**Assignment**.
Transcribe, without alteration, the line that includes "degree=3, knots=knots, dxfattribs=at)" and each line after it until the records end, omitting all that precede it.

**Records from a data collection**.
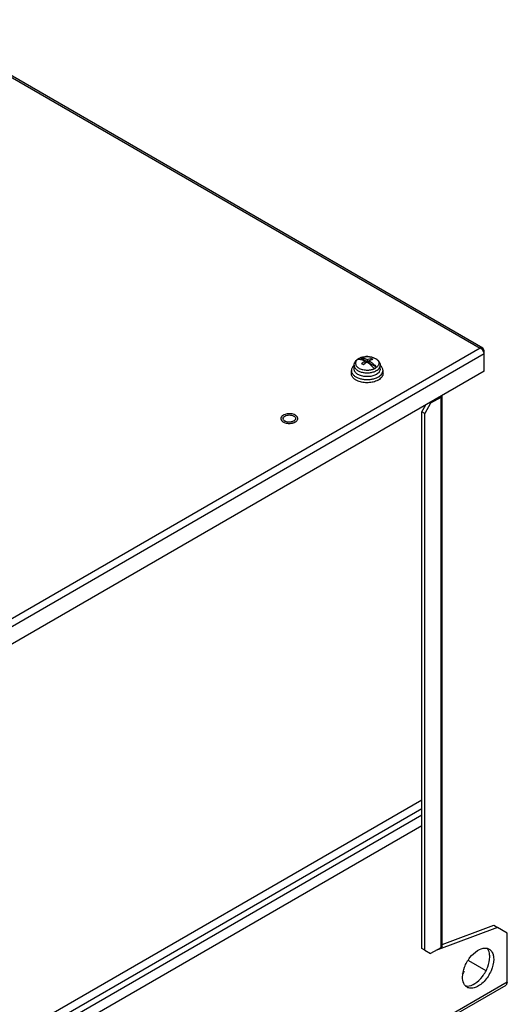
# Model space of a CAD drawing. Header units: millimetres. Extents: x 89 to 688, y 252 to 831.
# Tile 7 of 7: x 510 to 688, y 474 to 831. Entities that reach past the tile are written whole.
import ezdxf

# ---------------------------------------------------------------- set-up
doc = ezdxf.new("R2010")
doc.units = ezdxf.units.MM
doc.header["$LTSCALE"] = 70.470903
doc.layers.get('0').update_dxf_attribs({"linetype": 'CONTINUOUS'})

msp = doc.modelspace()

# ---------------------------------------------------------------- linework, layer by layer
at = {"color": 7, "linetype": 'Continuous'}
for p, q in [((471.44, 831.27), (677.7, 712.18)), ((678.75, 712.19), (472.18, 831.44)), ((677.7, 712.18), (305.69, 497.41)), ((678.75, 712.19), (677.7, 712.18)), ((679.18, 711.33), (678.75, 712.19)), ((679.18, 710.1), (306.75, 495.08)), ((636.76, 707.16), (634.18, 708.65)), ((636.76, 707.16), (636.76, 708.03)), ((638, 707.88), (637.93, 707.84)), ((638, 708.49), (638, 707.88)), ((638.01, 707.87), (638, 707.88)), ((679.18, 711.33), (678.82, 711.12)), ((679.18, 703.82), (679.18, 711.33)), ((631.94, 704.59), (631.94, 705.98)), ((635.91, 706.67), (635.21, 706.27)), ((635.91, 706.67), (635.91, 707.54)), ((637.46, 707.57), (636.76, 707.16)), ((637.46, 706.76), (637.46, 707.63)), ((640.04, 705.27), (637.46, 706.76)), ((639.59, 704.85), (639.66, 704.93)), ((641.44, 704.59), (641.44, 705.98)), ((679.18, 703.82), (306.75, 488.79)), ((630.94, 702.96), (630.94, 704.1)), ((642.44, 702.96), (642.44, 704.1)), ((663.42, 694.3), (659.74, 692.18)), ((663.42, 694.3), (663.42, 494.51)), ((663.94, 495.24), (663.94, 695.04)), ((656.56, 689.12), (657.97, 691.57)), ((659.74, 692.18), (657.62, 688.51)), ((659.74, 692.18), (659.39, 692.38)), ((656.56, 494.22), (656.56, 689.12)), ((657.62, 688.51), (656.56, 689.12)), ((657.62, 493.61), (657.62, 688.51)), ((656.56, 548.11), (315.87, 351.42)), ((656.56, 544.9), (313.91, 347.07)), ((656.56, 542.64), (313.68, 344.68)), ((315.31, 341.86), (656.56, 538.88)), ((684.06, 501.85), (661.58, 493.44)), ((663.94, 495.67), (682.65, 502.66)), ((682.65, 502.66), (684.06, 501.85)), ((687.6, 499.81), (684.06, 501.85)), ((687.6, 482.01), (687.6, 499.81)), ((657.62, 493.61), (656.56, 494.22)), ((657.62, 493.61), (659.74, 492.38)), ((663.42, 494.51), (659.74, 492.38)), ((663.94, 495.24), (663.42, 494.51)), ((673.55, 489.88), (679.85, 486.24)), ((291.14, 252.34), (687.12, 480.96)), ((687.6, 482.01), (291.62, 253.4)), ((687.6, 482.01), (687.12, 480.96))]:
    msp.add_line(p, q, dxfattribs=at)
for centre, radius, start, end in [((676.53, 709.74), 2.72, 41.8672, 48.1494), ((676.54, 709.74), 2.72, 35.4192, 41.9002), ((635.26, 705.59), 3.24, 126.9593, 127.2507), ((635.63, 705.04), 3.91, 119.9948, 121.5558), ((635.56, 705.24), 3.67, 122.2252, 122.4398), ((635.64, 705.12), 3.81, 119.9876, 122.2128), ((635.7, 704.92), 4.04, 119.4487, 119.9991), ((635.84, 704.76), 4.22, 116.155, 119.9442), ((636.02, 704.38), 4.65, 113.3136, 116.1425), ((634.42, 705.17), 3.49, 93.3122, 93.9177), ((636.34, 703.47), 5.63, 105.6638, 110.0709), ((636.69, 701.79), 7.34, 88.4519, 93.4764), ((637.73, 705.01), 3.93, 58.4327, 60.4454), ((634.5, 702.94), 3.97, 130.3734, 130.819), ((633.52, 704.59), 1.58, 180, 180.8587), ((637.67, 708.45), 4.04, 299.4487, 299.9991), ((639.86, 704.59), 1.58, 359.1148, 359.9999), ((638.89, 702.96), 3.94, 48.9059, 49.4786), ((635.51, 706.43), 4.37, 238.5271, 239.8853), ((636.92, 709.26), 8.46, 282.7832, 285.4056), ((637.79, 707.95), 4.52, 299.4487, 299.9991), ((637.49, 707.56), 6.66, 292.4825, 293.6273), ((635.63, 705.87), 6.06, 243.2674, 244.15), ((606.91, 686.63), 0.753, 171.3332, 179.9961), ((608.97, 685.78), 2.04, 57.8211, 60.207), ((607.92, 687.63), 2.22, 240.2212, 243.3057), ((609.02, 687.41), 1.96, 299.9576, 304.5589), ((608.83, 688.48), 3.56, 292.1873, 294.0133), ((677.92, 492.19), 3.12, 34.5976, 39.9631)]:
    msp.add_arc(centre, radius, start, end, dxfattribs=at)
for points, knots in [([(678.35, 711.77), (678.3, 711.82), (678.1, 711.98), (677.88, 712.11), (677.7, 712.18)], [0, 0, 0, 0, 0.260406, 1, 1, 1, 1]), ([(631.94, 705.98), (631.94, 706.22), (632.02, 706.72), (632.37, 707.39), (632.9, 707.96), (633.34, 708.26), (633.57, 708.39)], [0, 0, 0, 0, 0.241766, 0.485862, 0.736798, 1, 1, 1, 1]), ([(633.3, 708.17), (633.15, 708.05), (632.88, 707.81), (632.59, 707.38), (632.43, 706.92), (632.43, 706.45), (632.59, 705.99), (632.88, 705.56), (633.31, 705.17), (633.84, 704.84), (634.47, 704.57), (635.18, 704.37), (635.93, 704.25), (636.58, 704.22), (637.1, 704.24), (637.49, 704.27), (637.87, 704.32), (638.24, 704.4), (638.55, 704.47), (638.78, 704.55), (638.92, 704.59), (639.03, 704.64), (639.11, 704.67), (639.18, 704.69), (639.23, 704.72), (639.27, 704.73), (639.31, 704.75), (639.35, 704.77), (639.39, 704.79), (639.42, 704.81), (639.47, 704.82), (639.51, 704.82), (639.55, 704.83), (639.58, 704.84), (639.59, 704.85)], [0, 0, 0, 0, 0.05605, 0.106509, 0.152912, 0.197811, 0.24421, 0.29466, 0.350693, 0.412783, 0.480558, 0.553045, 0.62886, 0.70637, 0.745229, 0.783851, 0.82202, 0.859527, 0.896174, 0.914116, 0.931783, 0.940487, 0.949138, 0.957717, 0.961969, 0.966199, 0.97041, 0.974602, 0.97877, 0.982918, 0.98714, 0.991619, 0.995891, 1, 1, 1, 1]), ([(633.59, 708.36), (633.57, 708.35), (633.47, 708.29), (633.38, 708.23), (633.31, 708.18)], [0, 0, 0, 0, 0.254952, 1, 1, 1, 1]), ([(633.59, 708.34), (633.57, 708.32), (633.48, 708.27), (633.4, 708.21), (633.34, 708.16)], [0, 0, 0, 0, 0.254907, 1, 1, 1, 1]), ([(633.34, 708.16), (633.75, 708.19), (634.65, 708.09), (635.49, 707.76), (635.91, 707.54)], [0, 0, 0, 0, 0.467901, 1, 1, 1, 1]), ([(633.57, 708.39), (633.92, 708.59), (634.7, 708.91), (635.95, 709.14), (637.25, 709.16), (638.51, 708.95), (639.48, 708.59), (640.15, 708.19), (640.58, 707.84), (640.94, 707.44), (641.22, 706.99), (641.4, 706.5), (641.44, 706.15), (641.44, 705.98)], [0, 0, 0, 0, 0.126222, 0.260708, 0.398691, 0.534012, 0.661555, 0.721793, 0.779789, 0.836024, 0.891121, 0.945658, 1, 1, 1, 1]), ([(633.72, 708.44), (633.77, 708.47), (633.99, 708.59), (634.23, 708.69), (634.41, 708.76)], [0, 0, 0, 0, 0.24128, 1, 1, 1, 1]), ([(634.22, 708.65), (634.63, 708.68), (635.52, 708.57), (636.34, 708.24), (636.76, 708.03)], [0, 0, 0, 0, 0.468385, 1, 1, 1, 1]), ([(634.82, 708.89), (634.87, 708.9), (635.07, 708.96), (635.27, 709), (635.43, 709.03)], [0, 0, 0, 0, 0.246326, 1, 1, 1, 1]), ([(635.43, 709.03), (635.49, 709.04), (635.76, 709.08), (636.04, 709.11), (636.24, 709.12)], [0, 0, 0, 0, 0.247378, 1, 1, 1, 1]), ([(636.76, 708.03), (636.86, 708.08), (637.26, 708.27), (637.68, 708.41), (638, 708.49)], [0, 0, 0, 0, 0.261345, 1, 1, 1, 1]), ([(636.89, 709.13), (636.95, 709.13), (637.21, 709.12), (637.48, 709.1), (637.67, 709.07)], [0, 0, 0, 0, 0.251505, 1, 1, 1, 1]), ([(638.7, 708.09), (638.6, 708.06), (638.17, 707.94), (637.76, 707.78), (637.46, 707.63)], [0, 0, 0, 0, 0.239107, 1, 1, 1, 1]), ([(637.67, 709.07), (637.73, 709.06), (637.95, 709.03), (638.18, 708.98), (638.34, 708.94)], [0, 0, 0, 0, 0.253186, 1, 1, 1, 1]), ([(638.7, 708.09), (638.64, 708.12), (638.41, 708.27), (638.18, 708.4), (638, 708.49)], [0, 0, 0, 0, 0.255694, 1, 1, 1, 1]), ([(638.34, 708.94), (638.39, 708.93), (638.6, 708.88), (638.8, 708.81), (638.95, 708.76)], [0, 0, 0, 0, 0.254741, 1, 1, 1, 1]), ([(638.95, 708.76), (639.01, 708.74), (639.26, 708.64), (639.5, 708.53), (639.67, 708.43)], [0, 0, 0, 0, 0.258785, 1, 1, 1, 1]), ([(639.78, 708.36), (639.96, 708.25), (640.28, 708.02), (640.66, 707.6), (640.89, 707.13), (640.96, 706.64), (640.87, 706.16), (640.61, 705.7), (640.21, 705.28), (639.88, 705.05), (639.69, 704.95)], [0, 0, 0, 0, 0.143195, 0.271487, 0.387409, 0.496422, 0.606077, 0.723714, 0.854324, 1, 1, 1, 1]), ([(679.18, 710.1), (679.18, 710.2), (679.14, 710.64), (678.94, 711.05), (678.75, 711.32)], [0, 0, 0, 0, 0.229339, 1, 1, 1, 1]), ([(631.91, 705.95), (631.76, 705.82), (631.49, 705.55), (631.17, 705.09), (630.98, 704.6), (630.94, 704.27), (630.94, 704.1)], [0, 0, 0, 0, 0.277461, 0.532872, 0.771162, 1, 1, 1, 1]), ([(631.94, 705.98), (631.94, 705.84), (631.97, 705.57), (632.13, 705.17), (632.39, 704.79), (632.87, 704.3), (633.69, 703.8), (634.87, 703.4), (636.2, 703.21), (637.56, 703.24), (638.86, 703.49), (639.65, 703.82), (640.01, 704.02)], [0, 0, 0, 0, 0.04285, 0.087454, 0.135235, 0.187117, 0.304152, 0.437571, 0.581747, 0.728916, 0.870779, 1, 1, 1, 1]), ([(633.23, 702.71), (633.04, 702.83), (632.69, 703.08), (632.27, 703.54), (632.01, 704.04), (631.94, 704.4), (631.94, 704.57)], [0, 0, 0, 0, 0.287814, 0.546524, 0.780623, 1, 1, 1, 1]), ([(635.91, 707.54), (635.81, 707.47), (635.38, 707.17), (634.97, 706.84), (634.68, 706.57)], [0, 0, 0, 0, 0.242064, 1, 1, 1, 1]), ([(634.68, 706.57), (634.73, 706.54), (634.97, 706.42), (635.2, 706.28), (635.38, 706.17)], [0, 0, 0, 0, 0.244332, 1, 1, 1, 1]), ([(635.38, 706.17), (635.48, 706.26), (635.87, 706.61), (636.29, 706.92), (636.61, 707.14)], [0, 0, 0, 0, 0.257803, 1, 1, 1, 1]), ([(639.19, 704.78), (638.81, 705.25), (638.01, 706.1), (637.08, 706.83), (636.61, 707.14)], [0, 0, 0, 0, 0.518698, 1, 1, 1, 1]), ([(637.46, 707.63), (637.93, 707.32), (638.85, 706.59), (639.65, 705.74), (640.04, 705.27)], [0, 0, 0, 0, 0.481276, 1, 1, 1, 1]), ([(639.19, 704.78), (639.23, 704.8), (639.38, 704.87), (639.53, 704.94), (639.64, 705.01)], [0, 0, 0, 0, 0.256221, 1, 1, 1, 1]), ([(639.64, 705.01), (639.68, 705.03), (639.81, 705.11), (639.95, 705.2), (640.04, 705.27)], [0, 0, 0, 0, 0.257235, 1, 1, 1, 1]), ([(640.05, 704.04), (640.25, 704.16), (640.63, 704.42), (641.08, 704.89), (641.37, 705.42), (641.44, 705.79), (641.44, 705.98)], [0, 0, 0, 0, 0.28981, 0.549047, 0.782229, 1, 1, 1, 1]), ([(641.44, 704.57), (641.43, 704.39), (641.36, 704.02), (641.08, 703.5), (640.63, 703.03), (640.25, 702.77), (640.05, 702.65)], [0, 0, 0, 0, 0.217753, 0.451172, 0.710485, 1, 1, 1, 1]), ([(642.44, 704.1), (642.44, 704.26), (642.39, 704.6), (642.2, 705.08), (641.9, 705.53), (641.63, 705.8), (641.48, 705.93)], [0, 0, 0, 0, 0.229088, 0.467502, 0.722829, 1, 1, 1, 1]), ([(630.94, 704.1), (630.94, 703.97), (630.96, 703.7), (631.09, 703.31), (631.29, 702.93), (631.68, 702.43), (632.36, 701.87), (633, 701.54), (633.35, 701.4)], [0, 0, 0, 0, 0.103399, 0.20963, 0.321161, 0.439855, 0.702308, 1, 1, 1, 1]), ([(632.91, 700.46), (632.61, 700.6), (632.2, 700.85), (631.74, 701.26), (631.45, 701.57), (631.22, 701.9), (631.06, 702.25), (630.96, 702.6), (630.94, 702.84), (630.94, 702.96)], [0, 0, 0, 0, 0.292925, 0.427264, 0.5536, 0.672618, 0.7855, 0.893926, 1, 1, 1, 1]), ([(639.47, 702.37), (638.99, 702.17), (637.94, 701.89), (636.31, 701.8), (634.96, 702), (633.97, 702.32), (633.53, 702.54), (633.32, 702.66)], [0, 0, 0, 0, 0.2463, 0.50897, 0.766706, 0.887485, 1, 1, 1, 1]), ([(633.35, 701.4), (633.75, 701.23), (634.62, 700.97), (635.99, 700.77), (637.4, 700.77), (638.34, 700.91), (638.79, 701.01)], [0, 0, 0, 0, 0.237493, 0.489992, 0.747659, 1, 1, 1, 1]), ([(639.17, 701.11), (639.24, 701.13), (639.54, 701.21), (639.83, 701.32), (640.04, 701.4)], [0, 0, 0, 0, 0.255768, 1, 1, 1, 1]), ([(640.05, 702.65), (640, 702.63), (639.81, 702.52), (639.62, 702.43), (639.47, 702.37)], [0, 0, 0, 0, 0.243053, 1, 1, 1, 1]), ([(640.16, 701.46), (640.21, 701.48), (640.41, 701.57), (640.61, 701.67), (640.75, 701.75)], [0, 0, 0, 0, 0.256009, 1, 1, 1, 1]), ([(640.75, 701.75), (641.01, 701.9), (641.46, 702.22), (642.01, 702.79), (642.3, 703.33), (642.42, 703.77), (642.44, 703.99), (642.44, 704.1)], [0, 0, 0, 0, 0.289588, 0.548634, 0.781636, 0.891838, 1, 1, 1, 1]), ([(642.44, 702.96), (642.44, 702.85), (642.42, 702.63), (642.3, 702.19), (642.01, 701.65), (641.46, 701.07), (641.01, 700.76), (640.75, 700.61)], [0, 0, 0, 0, 0.108162, 0.218363, 0.451365, 0.710412, 1, 1, 1, 1]), ([(640.16, 700.31), (639.9, 700.2), (639.33, 699.99), (638.44, 699.78), (637.51, 699.66), (636.55, 699.62), (635.59, 699.68), (634.66, 699.83), (633.79, 700.07), (633.25, 700.29), (632.99, 700.42)], [0, 0, 0, 0, 0.118056, 0.242615, 0.371607, 0.502696, 0.633421, 0.761343, 0.884188, 1, 1, 1, 1]), ([(640.75, 700.61), (640.71, 700.58), (640.51, 700.48), (640.31, 700.38), (640.16, 700.31)], [0, 0, 0, 0, 0.243947, 1, 1, 1, 1]), ([(663.42, 694.3), (663.49, 694.35), (663.73, 694.51), (663.93, 694.79), (663.94, 695)], [0, 0, 0, 0, 0.292858, 1, 1, 1, 1]), ([(610.57, 687.88), (610.34, 688.01), (609.83, 688.22), (608.99, 688.39), (608.11, 688.41), (607.25, 688.29), (606.59, 688.07), (606.14, 687.83), (605.86, 687.62), (605.63, 687.4), (605.47, 687.15), (605.37, 686.89), (605.34, 686.72), (605.34, 686.63)], [0, 0, 0, 0, 0.128646, 0.270202, 0.41732, 0.561629, 0.695265, 0.756271, 0.812763, 0.864714, 0.912535, 0.957152, 1, 1, 1, 1]), ([(605.34, 686.63), (605.34, 686.55), (605.36, 686.4), (605.41, 686.25), (605.44, 686.18)], [0, 0, 0, 0, 0.492169, 1, 1, 1, 1]), ([(606.82, 685.71), (606.63, 685.81), (606.31, 686.06), (606.15, 686.45), (606.15, 686.63)], [0, 0, 0, 0, 0.551088, 1, 1, 1, 1]), ([(606.16, 686.74), (606.17, 686.82), (606.28, 687.16), (606.57, 687.41), (606.81, 687.55)], [0, 0, 0, 0, 0.220567, 1, 1, 1, 1]), ([(606.81, 687.55), (607.28, 687.82), (608.4, 688.04), (609.52, 687.82), (609.99, 687.55)], [0, 0, 0, 0, 0.499765, 1, 1, 1, 1]), ([(610.06, 687.51), (610.23, 687.4), (610.52, 687.16), (610.65, 686.79), (610.65, 686.63)], [0, 0, 0, 0, 0.547118, 1, 1, 1, 1]), ([(611.36, 687.08), (611.29, 687.24), (611.12, 687.46), (610.83, 687.71), (610.66, 687.82), (610.57, 687.88)], [0, 0, 0, 0, 0.461999, 0.721174, 1, 1, 1, 1]), ([(611.27, 686.01), (611.33, 686.1), (611.43, 686.3), (611.46, 686.52), (611.46, 686.63)], [0, 0, 0, 0, 0.514443, 1, 1, 1, 1]), ([(611.46, 686.63), (611.46, 686.7), (611.45, 686.86), (611.39, 687.01), (611.36, 687.08)], [0, 0, 0, 0, 0.492169, 1, 1, 1, 1]), ([(605.44, 686.18), (605.52, 686.02), (605.69, 685.79), (605.97, 685.55), (606.15, 685.43), (606.24, 685.38)], [0, 0, 0, 0, 0.461999, 0.721174, 1, 1, 1, 1]), ([(606.24, 685.38), (606.27, 685.36), (606.38, 685.3), (606.5, 685.25), (606.59, 685.21)], [0, 0, 0, 0, 0.243414, 1, 1, 1, 1]), ([(606.59, 685.21), (606.8, 685.12), (607.26, 684.97), (607.98, 684.86), (608.73, 684.85), (609.23, 684.92), (609.47, 684.97)], [0, 0, 0, 0, 0.236507, 0.488619, 0.746609, 1, 1, 1, 1]), ([(609.36, 685.45), (609.15, 685.4), (608.34, 685.26), (607.47, 685.37), (606.92, 685.65)], [0, 0, 0, 0, 0.255079, 1, 1, 1, 1]), ([(609.99, 685.71), (609.95, 685.68), (609.74, 685.58), (609.53, 685.5), (609.36, 685.45)], [0, 0, 0, 0, 0.235896, 1, 1, 1, 1]), ([(609.47, 684.97), (609.53, 684.99), (609.77, 685.04), (610, 685.12), (610.17, 685.19)], [0, 0, 0, 0, 0.257627, 1, 1, 1, 1]), ([(610.5, 686.16), (610.48, 686.13), (610.37, 685.99), (610.24, 685.87), (610.13, 685.79)], [0, 0, 0, 0, 0.233314, 1, 1, 1, 1]), ([(610.27, 685.23), (610.38, 685.28), (610.59, 685.38), (610.94, 685.62), (611.16, 685.85), (611.27, 686.01)], [0, 0, 0, 0, 0.278877, 0.538871, 1, 1, 1, 1]), ([(671.34, 483.81), (671.34, 485.04), (671.93, 487.61), (673.83, 490.97), (676.4, 493.5), (678.59, 494.39), (679.56, 494.38)], [0, 0, 0, 0, 0.255942, 0.536822, 0.796093, 1, 1, 1, 1]), ([(679.56, 494.38), (679.69, 494.38), (680.19, 494.34), (680.67, 494.19), (680.99, 494)], [0, 0, 0, 0, 0.260845, 1, 1, 1, 1]), ([(681.23, 491.16), (681.23, 491.43), (681.18, 492.4), (680.89, 493.39), (680.49, 493.96)], [0, 0, 0, 0, 0.27899, 1, 1, 1, 1]), ([(680.99, 494), (681.37, 493.78), (682.06, 493.1), (682.4, 492.2), (682.51, 491.72)], [0, 0, 0, 0, 0.468692, 1, 1, 1, 1]), ([(682.65, 490.34), (682.65, 488.91), (681.86, 485.95), (679.83, 482.8), (677.66, 480.88), (676.01, 479.98), (674.4, 479.66), (673.39, 479.92), (672.99, 480.15)], [0, 0, 0, 0, 0.269896, 0.561325, 0.695465, 0.813143, 0.912854, 1, 1, 1, 1]), ([(673.01, 480.59), (673.99, 480.58), (676.18, 481.47), (678.74, 484), (680.64, 487.36), (681.23, 489.93), (681.23, 491.16)], [0, 0, 0, 0, 0.203994, 0.463275, 0.744111, 1, 1, 1, 1]), ([(682.51, 491.72), (682.53, 491.61), (682.62, 491.16), (682.65, 490.69), (682.65, 490.34)], [0, 0, 0, 0, 0.23911, 1, 1, 1, 1]), ([(671.86, 486.05), (671.86, 485.85), (671.71, 485.39), (671.36, 485.08), (671.16, 484.94)], [0, 0, 0, 0, 0.456402, 1, 1, 1, 1]), ([(672.08, 481), (671.95, 481.18), (671.48, 482.04), (671.34, 483.05), (671.34, 483.81)], [0, 0, 0, 0, 0.224686, 1, 1, 1, 1]), ([(672.99, 480.15), (672.72, 480.3), (672.4, 480.58), (672.14, 480.91), (672.08, 481)], [0, 0, 0, 0, 0.741979, 1, 1, 1, 1])]:
    msp.add_open_spline(points, degree=3, knots=knots, dxfattribs=at)
for points in [[(610.65, 686.63), (610.65, 686.47), (610.59, 686.3), (610.5, 686.16)], [(672.26, 480.69), (672.5, 480.62), (672.76, 480.59), (673.01, 480.59)]]:
    msp.add_open_spline(points, degree=3, dxfattribs=at)

doc.saveas('drawing.dxf')

**Reply**.
    msp.add_open_spline(points, degree=3, knots=knots, dxfattribs=at)
for points in [[(610.65, 686.63), (610.65, 686.47), (610.59, 686.3), (610.5, 686.16)], [(672.26, 480.69), (672.5, 480.62), (672.76, 480.59), (673.01, 480.59)]]:
    msp.add_open_spline(points, degree=3, dxfattribs=at)

doc.saveas('drawing.dxf')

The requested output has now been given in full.